"Indonesia memang saya kira banyak hal yang bisa diangkat. Pertama, kita sudah ratifikasi, dan yang paling penting sebetulnya dari ratifikasi yang ada di Indoensia itu kita kelihatan betul, kita punya modal sosial yang kuat. Dan itu bukan omong kosong, terlihat dari berbagai inovasi-inovasi yang sudah ditampilkan komunitas," kata Siti di kantornya, Jumat (28/10/16).
Siti mengatakan, ratifikasi itu juga akan berperan secara politis, saat delegasi Indonesia mengajak negara lain bekerja sama menunaikan kesepakatan lingkungan yang ada.

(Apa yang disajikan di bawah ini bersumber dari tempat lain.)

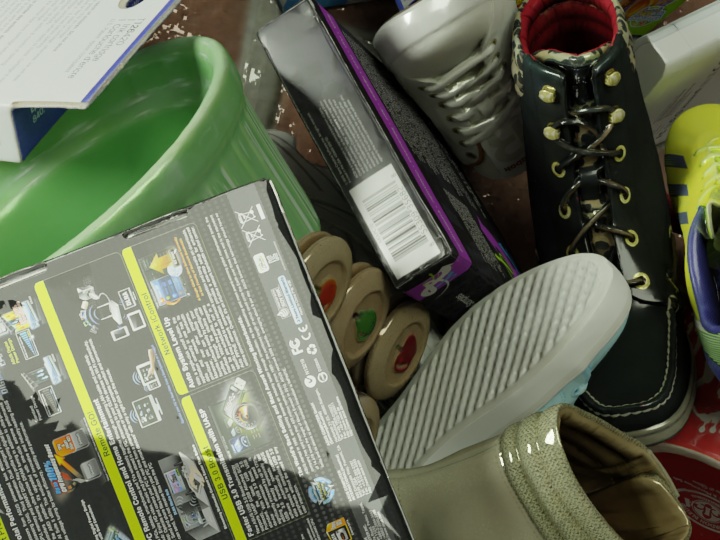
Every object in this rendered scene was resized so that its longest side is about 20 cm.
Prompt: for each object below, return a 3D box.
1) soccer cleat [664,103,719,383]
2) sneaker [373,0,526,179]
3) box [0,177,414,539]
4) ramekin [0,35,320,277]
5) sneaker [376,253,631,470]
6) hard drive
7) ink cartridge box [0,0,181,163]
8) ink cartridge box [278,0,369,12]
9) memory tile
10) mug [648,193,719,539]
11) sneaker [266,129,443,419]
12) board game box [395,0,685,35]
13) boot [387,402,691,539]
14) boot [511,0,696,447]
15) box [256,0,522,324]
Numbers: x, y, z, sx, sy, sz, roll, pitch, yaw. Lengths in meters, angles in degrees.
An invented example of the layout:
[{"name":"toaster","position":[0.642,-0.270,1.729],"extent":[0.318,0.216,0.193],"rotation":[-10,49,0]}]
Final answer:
[{"name":"soccer cleat","position":[0.181,-0.023,1.144],"extent":[0.065,0.084,0.201],"rotation":[-18,43,13]},{"name":"sneaker","position":[0.064,-0.094,1.198],"extent":[0.073,0.200,0.085],"rotation":[-32,79,9]},{"name":"box","position":[-0.074,0.084,0.929],"extent":[0.160,0.044,0.201],"rotation":[-22,90,-16]},{"name":"ramekin","position":[-0.114,-0.004,1.061],"extent":[0.098,0.200,0.200],"rotation":[53,52,-23]},{"name":"sneaker","position":[0.066,0.077,1.111],"extent":[0.082,0.200,0.074],"rotation":[31,24,-31]},{"name":"hard drive","position":[0.201,-0.118,1.290],"extent":[0.200,0.132,0.027],"rotation":[-26,75,-31]},{"name":"ink cartridge box","position":[-0.147,-0.129,1.139],"extent":[0.199,0.047,0.198],"rotation":[9,46,33]},{"name":"ink cartridge box","position":[0.052,-0.209,1.291],"extent":[0.199,0.115,0.068],"rotation":[-11,67,-28]},{"name":"memory tile","position":[-0.037,0.087,1.042],"extent":[0.017,0.153,0.200],"rotation":[25,84,27]},{"name":"mug","position":[0.200,0.050,1.225],"extent":[0.200,0.177,0.134],"rotation":[-56,127,-30]},{"name":"sneaker","position":[0.000,0.000,1.180],"extent":[0.200,0.078,0.099],"rotation":[46,49,3]},{"name":"board game box","position":[0.123,-0.185,1.260],"extent":[0.200,0.134,0.045],"rotation":[-1,60,-44]},{"name":"boot","position":[0.080,0.142,1.049],"extent":[0.200,0.154,0.072],"rotation":[47,34,-33]},{"name":"boot","position":[0.111,-0.029,1.142],"extent":[0.073,0.154,0.204],"rotation":[-9,38,8]},{"name":"box","position":[0.026,-0.039,1.151],"extent":[0.036,0.200,0.143],"rotation":[-32,71,11]}]

Menurut Siti, ratifikasi itu juga bentuk penguatan komitmen Indonesia berkontribusi mengurangi 29 persen emisi gas rumah kaca dengan upaya sendiri, dan 41 persen jika ada kerja sama dengan internasional.
Siti berujar, pada COP 22 Marakesh nanti, delegasi Indoensia juga akan menyoroti mekanisme pembiayaan upaya penurunan emisi gas rumah kaca periode 2020-2030. Kata dia, salah satu pembahasan di COP itu adalah bagaimana negara maju menyiapkan pendanaan, teknologi, dan peningkatan kapasitas agar komitmen pengurangan emisi gas rumah kaca negara-negara berkembang benar-benar berjalan.
Pada 19 Oktober lalu, lewat sidang paripurna, DPR akhirnya mengesahkan ratifikasi Perjanjian Paris. Terkait pengesahan ini, LSM lingkungan Walhi menyebut, pemerintah harus lebih berkomitmen dalam penurunan emisi dengan berbagai cara seperti menghapuskan bertahap penggunaan energi fosil (batubara) dengan menggenjot energi terbarukan, serta menghentikan ekspansi perkebunan sawit dan hutan tanaman industri.